(Records from a data source)
┄┄┄┄┄┄┄┄┄┄┄┄┄┄┄┄┄┄┄┄
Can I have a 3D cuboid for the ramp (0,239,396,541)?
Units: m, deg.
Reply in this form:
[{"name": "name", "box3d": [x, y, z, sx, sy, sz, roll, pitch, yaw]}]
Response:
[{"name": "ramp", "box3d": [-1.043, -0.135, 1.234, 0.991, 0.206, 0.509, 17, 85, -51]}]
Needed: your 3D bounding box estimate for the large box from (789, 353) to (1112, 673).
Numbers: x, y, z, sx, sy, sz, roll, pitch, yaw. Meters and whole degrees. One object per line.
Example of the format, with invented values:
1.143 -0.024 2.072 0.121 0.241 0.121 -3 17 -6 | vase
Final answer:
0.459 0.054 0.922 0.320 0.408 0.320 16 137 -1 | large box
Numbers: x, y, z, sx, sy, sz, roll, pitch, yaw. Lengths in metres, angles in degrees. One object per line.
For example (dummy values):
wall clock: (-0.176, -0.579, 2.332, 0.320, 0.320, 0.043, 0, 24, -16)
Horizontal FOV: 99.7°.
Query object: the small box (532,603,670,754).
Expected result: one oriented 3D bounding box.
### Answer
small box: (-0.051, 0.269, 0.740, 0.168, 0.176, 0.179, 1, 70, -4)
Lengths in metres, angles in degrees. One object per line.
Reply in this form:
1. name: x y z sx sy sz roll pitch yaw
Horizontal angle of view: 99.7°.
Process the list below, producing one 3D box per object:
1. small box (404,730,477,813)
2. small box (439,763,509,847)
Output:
┄┄┄┄┄┄┄┄┄┄┄┄┄┄┄┄┄┄┄┄
ACTIVITY: Reprint exactly the lines above that start at the one with "Numbers: x, y, z, sx, sy, sz, roll, pitch, yaw. Lengths" and end at the one with "Process the list", keeping both and adding none.

OUTPUT BELOW:
Numbers: x, y, z, sx, sy, sz, roll, pitch, yaw. Lengths in metres, angles in degrees. One object per line.
For example (dummy values):
wall clock: (-0.176, -0.579, 2.332, 0.320, 0.320, 0.043, 0, 24, -16)
Horizontal FOV: 99.7°.
Query object: the small box (532,603,670,754).
Expected result: one oriented 3D bounding box.
### Answer
small box: (-0.051, 0.269, 0.740, 0.168, 0.176, 0.179, 1, 70, -4)
Lengths in metres, angles in degrees. One object per line.
Reply in this form:
1. name: x y z sx sy sz roll pitch yaw
Horizontal angle of view: 99.7°.
Process the list below, producing one 3D box per object:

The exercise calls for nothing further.